As decisões do CADE são atos administrativos vinculados à medida que, analisando um ato de concentração ou um processo administrativo por infração contra a ordem econômica, o Administrador não tem liberdade de escolha: a lei já definiu quais atos de concentração devem ser submetidos ao CADE, bem como os tipos de decisão a tomar em caso de concentração no mercado, as penalidades por submissão intempestiva, etc. Também nos processos administrativos, a Lei já definiu os atos considerados infrações contra a ordem econômica, bem como as penalidades aplicáveis, etc.

Gesner de Oliveira e João Grandino Rodas dividem a mesma opinião, reforçando os argumentos acima, com o fato de o CADE atuar como jurisdição voluntária e, assim, o rol de procedimentos e soluções serem taxativamente previstos em lei:

“A SDE e a SEAE são órgãos do Governo, pertencentes à Administração Direta; o CADE é órgão do Estado, incrustado na Administração Pública Indireta. Assim, os atos de concentração e os processos administrativos, que tramitam nas Secretarias e acabam por receber decisão do CADE, são atos administrativos. Resta saber se se tratam de atos administrativos vinculados ou

discricionários.

O entendimento assente é o de que as decisões do CADE tanto com relação a atos de concentração, como a procedimentos administrativos, são emanações de jurisdição voluntária exercitada pela Administração Pública, sendo atos administrativos vinculados. Chega-se a essa conclusão após a verificação de várias premissas.
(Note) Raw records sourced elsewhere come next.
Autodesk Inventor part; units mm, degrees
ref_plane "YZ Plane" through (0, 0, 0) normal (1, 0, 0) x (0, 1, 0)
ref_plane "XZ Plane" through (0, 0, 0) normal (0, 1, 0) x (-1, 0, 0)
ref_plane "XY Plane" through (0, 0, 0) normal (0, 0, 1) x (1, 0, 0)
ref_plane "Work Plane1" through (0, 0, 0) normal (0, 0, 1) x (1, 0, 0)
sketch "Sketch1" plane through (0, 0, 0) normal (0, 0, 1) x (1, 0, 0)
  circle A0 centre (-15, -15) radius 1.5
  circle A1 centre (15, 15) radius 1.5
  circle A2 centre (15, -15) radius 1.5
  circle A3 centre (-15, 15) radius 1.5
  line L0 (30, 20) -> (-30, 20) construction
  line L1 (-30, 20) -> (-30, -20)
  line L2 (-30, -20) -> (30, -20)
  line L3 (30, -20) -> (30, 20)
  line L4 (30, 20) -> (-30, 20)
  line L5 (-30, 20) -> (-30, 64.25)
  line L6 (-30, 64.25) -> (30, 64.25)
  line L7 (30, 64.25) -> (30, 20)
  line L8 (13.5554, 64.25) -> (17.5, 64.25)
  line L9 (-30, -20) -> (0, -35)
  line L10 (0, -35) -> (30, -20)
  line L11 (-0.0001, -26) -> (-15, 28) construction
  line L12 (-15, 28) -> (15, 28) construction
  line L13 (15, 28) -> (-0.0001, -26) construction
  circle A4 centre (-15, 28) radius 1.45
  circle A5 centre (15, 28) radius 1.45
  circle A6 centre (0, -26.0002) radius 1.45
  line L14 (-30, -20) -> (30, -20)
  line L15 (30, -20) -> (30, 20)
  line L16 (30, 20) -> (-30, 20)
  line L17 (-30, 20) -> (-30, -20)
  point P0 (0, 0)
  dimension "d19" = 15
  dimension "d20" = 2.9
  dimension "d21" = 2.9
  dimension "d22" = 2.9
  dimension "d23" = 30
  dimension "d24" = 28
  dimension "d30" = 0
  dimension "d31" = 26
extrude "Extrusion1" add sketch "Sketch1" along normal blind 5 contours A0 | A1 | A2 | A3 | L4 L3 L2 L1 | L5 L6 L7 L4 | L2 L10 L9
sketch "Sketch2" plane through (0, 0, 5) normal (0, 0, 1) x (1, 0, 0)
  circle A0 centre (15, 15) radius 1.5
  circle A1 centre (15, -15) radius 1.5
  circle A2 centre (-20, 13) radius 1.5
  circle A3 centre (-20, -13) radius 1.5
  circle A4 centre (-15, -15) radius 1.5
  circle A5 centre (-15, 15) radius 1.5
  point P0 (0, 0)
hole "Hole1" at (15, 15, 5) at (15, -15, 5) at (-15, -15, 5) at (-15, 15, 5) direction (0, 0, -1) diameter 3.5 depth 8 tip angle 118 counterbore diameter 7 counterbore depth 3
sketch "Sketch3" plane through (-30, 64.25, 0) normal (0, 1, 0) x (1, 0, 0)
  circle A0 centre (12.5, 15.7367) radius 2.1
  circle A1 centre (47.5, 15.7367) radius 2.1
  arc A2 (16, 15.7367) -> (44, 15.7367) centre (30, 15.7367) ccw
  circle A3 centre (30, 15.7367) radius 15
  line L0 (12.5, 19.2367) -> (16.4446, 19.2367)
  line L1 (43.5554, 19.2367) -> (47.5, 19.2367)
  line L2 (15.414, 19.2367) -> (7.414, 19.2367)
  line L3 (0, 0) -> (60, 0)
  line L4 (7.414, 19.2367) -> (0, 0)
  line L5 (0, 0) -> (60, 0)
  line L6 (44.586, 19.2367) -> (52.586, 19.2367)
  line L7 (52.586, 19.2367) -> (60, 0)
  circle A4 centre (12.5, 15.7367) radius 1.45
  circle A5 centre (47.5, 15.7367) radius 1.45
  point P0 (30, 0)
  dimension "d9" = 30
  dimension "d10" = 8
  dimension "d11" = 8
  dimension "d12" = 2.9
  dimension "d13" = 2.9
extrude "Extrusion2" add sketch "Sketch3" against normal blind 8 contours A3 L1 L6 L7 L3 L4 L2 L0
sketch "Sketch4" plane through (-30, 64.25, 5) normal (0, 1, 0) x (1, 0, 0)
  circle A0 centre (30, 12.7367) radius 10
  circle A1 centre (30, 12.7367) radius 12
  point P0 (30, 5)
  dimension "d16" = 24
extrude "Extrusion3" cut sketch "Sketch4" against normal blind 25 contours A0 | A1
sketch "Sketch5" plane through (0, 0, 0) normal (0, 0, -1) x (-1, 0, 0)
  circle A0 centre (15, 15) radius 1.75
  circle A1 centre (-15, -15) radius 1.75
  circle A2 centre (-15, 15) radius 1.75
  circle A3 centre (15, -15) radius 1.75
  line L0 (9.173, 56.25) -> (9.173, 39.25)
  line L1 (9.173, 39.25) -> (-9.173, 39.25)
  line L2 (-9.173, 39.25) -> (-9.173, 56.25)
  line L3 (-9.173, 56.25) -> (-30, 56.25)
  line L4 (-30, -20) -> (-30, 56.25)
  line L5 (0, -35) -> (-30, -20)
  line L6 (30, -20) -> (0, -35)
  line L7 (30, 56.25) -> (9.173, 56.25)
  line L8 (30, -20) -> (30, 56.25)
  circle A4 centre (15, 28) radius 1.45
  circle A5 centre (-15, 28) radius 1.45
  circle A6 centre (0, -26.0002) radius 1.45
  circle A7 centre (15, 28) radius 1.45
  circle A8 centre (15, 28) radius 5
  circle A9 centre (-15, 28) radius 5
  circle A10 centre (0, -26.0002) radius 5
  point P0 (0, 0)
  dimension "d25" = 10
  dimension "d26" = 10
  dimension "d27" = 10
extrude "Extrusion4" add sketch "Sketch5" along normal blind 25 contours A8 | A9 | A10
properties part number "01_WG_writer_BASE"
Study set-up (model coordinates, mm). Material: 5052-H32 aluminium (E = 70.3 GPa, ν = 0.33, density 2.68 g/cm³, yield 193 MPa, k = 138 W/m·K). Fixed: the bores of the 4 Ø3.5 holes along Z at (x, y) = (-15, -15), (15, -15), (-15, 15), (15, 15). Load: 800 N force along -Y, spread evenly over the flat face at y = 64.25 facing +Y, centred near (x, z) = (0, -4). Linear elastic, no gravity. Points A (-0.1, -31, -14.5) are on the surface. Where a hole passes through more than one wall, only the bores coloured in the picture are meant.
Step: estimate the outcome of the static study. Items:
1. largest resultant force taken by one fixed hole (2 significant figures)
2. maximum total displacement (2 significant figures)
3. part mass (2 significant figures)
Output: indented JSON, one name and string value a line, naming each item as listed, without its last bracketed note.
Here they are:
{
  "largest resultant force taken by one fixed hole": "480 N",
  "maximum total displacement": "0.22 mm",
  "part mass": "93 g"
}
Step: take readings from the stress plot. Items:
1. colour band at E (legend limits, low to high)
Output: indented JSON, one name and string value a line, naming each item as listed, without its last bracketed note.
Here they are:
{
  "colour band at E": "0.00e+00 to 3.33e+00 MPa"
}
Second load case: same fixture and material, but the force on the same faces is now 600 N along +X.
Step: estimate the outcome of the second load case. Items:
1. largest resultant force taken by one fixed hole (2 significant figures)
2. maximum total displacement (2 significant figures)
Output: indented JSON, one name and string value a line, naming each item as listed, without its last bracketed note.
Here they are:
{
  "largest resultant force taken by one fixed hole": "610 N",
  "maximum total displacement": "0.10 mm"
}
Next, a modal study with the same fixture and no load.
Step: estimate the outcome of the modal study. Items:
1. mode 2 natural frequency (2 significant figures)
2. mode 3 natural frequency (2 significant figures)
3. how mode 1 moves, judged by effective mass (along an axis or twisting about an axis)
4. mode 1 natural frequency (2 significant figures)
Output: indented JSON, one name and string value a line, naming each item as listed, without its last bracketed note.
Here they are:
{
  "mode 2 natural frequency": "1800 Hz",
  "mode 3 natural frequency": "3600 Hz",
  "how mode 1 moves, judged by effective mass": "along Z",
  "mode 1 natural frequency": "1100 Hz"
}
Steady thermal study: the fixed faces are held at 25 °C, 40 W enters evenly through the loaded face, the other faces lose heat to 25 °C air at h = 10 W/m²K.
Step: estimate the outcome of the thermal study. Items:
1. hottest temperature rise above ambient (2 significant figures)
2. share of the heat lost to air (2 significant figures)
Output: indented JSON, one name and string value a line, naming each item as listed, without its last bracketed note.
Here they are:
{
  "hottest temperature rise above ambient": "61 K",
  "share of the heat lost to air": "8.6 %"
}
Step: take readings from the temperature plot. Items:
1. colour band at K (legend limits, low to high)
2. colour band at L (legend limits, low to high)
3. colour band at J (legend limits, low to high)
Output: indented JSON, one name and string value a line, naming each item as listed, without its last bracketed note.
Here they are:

Em ambos os tipos de processo, a rigor, inexistem partes. No processo administrativo, há Representante e Representado; no ato de concentração, Requerente. Não há contenda, não se deduzindo interesses contraditórios, pois o que se busca proteger é a coletividade – direito difuso (parágrafo único, do artigo 1º da Lei nº 8.884/94), decidindo-se em relação a um deles e não a favor, contrariando o outro)”154.

Portanto, as decisões do CADE são atos administrativos vinculados. As decisões do CADE estão vinculadas não somente às leis, mas às garantias e liberdades individuais. Tendo em vista essa sua natureza vinculada, a decisão do CADE poderá, portanto, ser revista pelo Poder Judiciário de forma plena, uma vez que somente os atos administrativos que digam exclusivamente respeito ao exercício da função política da Administração Pública (i.e. política de governo) estão excluídas da apreciação do Poder Judiciário, por serem uma opção do Executivo (preservação da autonomia e independência dos Poderes). Sendo ato administrativo vinculado, seus efeitos estão sujeitos ao controle judicial, especialmente, para que se verifique a observância dos princípios basilares da Administração Pública, quais sejam, a legalidade e a primazia do interesse público155.